One thing is sure about all wars: disease follows in their trail. Pre-war Iraq was healthier than it currently is.
Water and sanitation were not as big a problem as they are now. Lack of clean water brings risk of cholera, which is a nasty, profuse, watery diarrhoea. Once you have it there is no actual treatment of the bacteria but you must keep rehydrated with a mixture of salt, sugar and water. There is also a risk of bloody diarrhoea – this is also known as dysentery. In the ancient ships it was known as ‘the bloody flux’. There are two causes of this – one is from a bacterium called shigella, the other is from an amoeba. Both need medical treatment.
If you are in a situation in Iraq where the water is of a doubtful source in terms of cleanliness, make sure you use a filter to filter out the obvious impurities and also treat the water either with iodine or chlorine. If you have sufficient time then you can always boil the water. This will also get rid of any bacterial or viral impurities. I think it is a good idea to include in your medical kit a Ciproxin tablet. This will treat some causes of travel-related diarrhoea. Also keep handy some Imodium and oral rehydration solution.

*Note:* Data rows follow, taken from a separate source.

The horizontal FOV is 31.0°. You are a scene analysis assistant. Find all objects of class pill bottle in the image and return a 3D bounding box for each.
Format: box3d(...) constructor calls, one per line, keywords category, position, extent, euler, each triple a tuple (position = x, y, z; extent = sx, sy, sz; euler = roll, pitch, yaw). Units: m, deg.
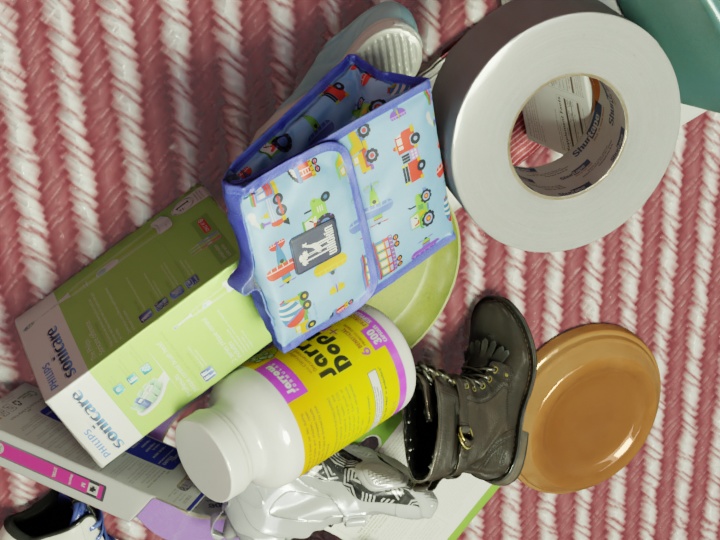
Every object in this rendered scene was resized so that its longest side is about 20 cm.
box3d(category="pill bottle", position=(-0.054, 0.111, 1.076), extent=(0.199, 0.104, 0.105), euler=(-29, 126, -36))

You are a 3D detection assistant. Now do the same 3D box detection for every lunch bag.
box3d(category="lunch bag", position=(-0.030, -0.046, 1.000), extent=(0.200, 0.093, 0.152), euler=(-39, 134, -30))

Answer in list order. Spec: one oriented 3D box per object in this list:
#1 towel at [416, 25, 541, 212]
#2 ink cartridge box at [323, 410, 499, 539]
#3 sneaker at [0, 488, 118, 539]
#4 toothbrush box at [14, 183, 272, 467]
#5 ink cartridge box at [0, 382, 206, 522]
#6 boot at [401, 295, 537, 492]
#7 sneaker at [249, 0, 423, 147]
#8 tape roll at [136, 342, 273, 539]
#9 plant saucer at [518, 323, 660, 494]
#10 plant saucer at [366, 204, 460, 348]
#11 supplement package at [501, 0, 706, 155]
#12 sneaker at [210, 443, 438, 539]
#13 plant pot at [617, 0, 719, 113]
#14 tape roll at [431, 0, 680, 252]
box3d(category="towel", position=(0.084, -0.125, 1.187), extent=(0.199, 0.023, 0.145), euler=(-37, 124, -6))
box3d(category="ink cartridge box", position=(0.027, 0.198, 1.274), extent=(0.199, 0.076, 0.148), euler=(37, 94, -36))
box3d(category="sneaker", position=(-0.245, 0.258, 1.177), extent=(0.197, 0.081, 0.116), euler=(15, 108, -28))
box3d(category="toothbrush box", position=(-0.171, 0.040, 1.071), extent=(0.199, 0.146, 0.087), euler=(-36, 124, -6))
box3d(category="ink cartridge box", position=(-0.217, 0.155, 1.072), extent=(0.198, 0.095, 0.038), euler=(20, 106, 9))
box3d(category="boot", position=(0.096, 0.107, 1.198), extent=(0.173, 0.069, 0.203), euler=(22, 64, -54))
box3d(category="sneaker", position=(-0.021, -0.148, 1.102), extent=(0.199, 0.082, 0.074), euler=(-38, 118, 24))
box3d(category="tape roll", position=(-0.129, 0.151, 1.191), extent=(0.198, 0.066, 0.203), euler=(-10, 117, -20))
box3d(category="plant saucer", position=(0.241, 0.155, 1.384), extent=(0.198, 0.037, 0.203), euler=(-11, 117, -21))
box3d(category="plant saucer", position=(0.000, 0.000, 1.168), extent=(0.198, 0.031, 0.202), euler=(-16, 122, -27))
box3d(category="supplement package", position=(0.220, -0.221, 1.143), extent=(0.155, 0.111, 0.202), euler=(-29, 123, -20))
box3d(category="sneaker", position=(-0.036, 0.212, 1.159), extent=(0.198, 0.075, 0.116), euler=(19, 101, -10))
box3d(category="plant pot", position=(0.285, -0.241, 1.027), extent=(0.142, 0.141, 0.200), euler=(-50, 120, -5))
box3d(category="tape roll", position=(0.156, -0.119, 1.052), extent=(0.198, 0.066, 0.203), euler=(-8, 118, -15))
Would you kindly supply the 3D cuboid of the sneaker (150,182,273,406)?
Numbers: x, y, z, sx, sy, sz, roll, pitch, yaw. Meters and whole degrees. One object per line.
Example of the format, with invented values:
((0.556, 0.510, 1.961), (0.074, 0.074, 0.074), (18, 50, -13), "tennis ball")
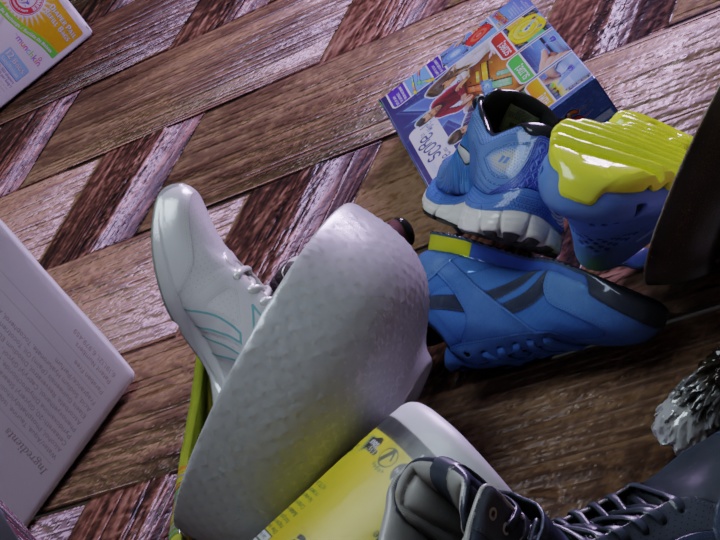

Not many people are aware that Iraq has malaria in areas outside Baghdad, mostly the non-fatal kind, but it can be predicted that post-war the malaria of a fatal kind and the non-fatal malaria will increase. This is because of a lack of control measures and a lack of treatment of those infected. What you need to remember is the A, B, C, D of malaria:
The A is for the awareness of the risk.
The B is for bite avoidance – you can try and avoid bites by using a good mosquito repellent such as those produced by Autan, Bayer, Jungle Formula and also Mosiguard. You can also wear long sleeves and trousers or leggings to prevent bites. Outside Baghdad it would be a good idea to buy a mosquito net that has been impregnated with a substance called permethrin.
The C consists of the chemoprophylactic drugs. For a business traveller I think the best one for the situation would be a drug called Malarone. It only needs to be started a day before arriving in the malaria area, it is continued daily while in the area and for seven days after. However, it is an expensive tablet.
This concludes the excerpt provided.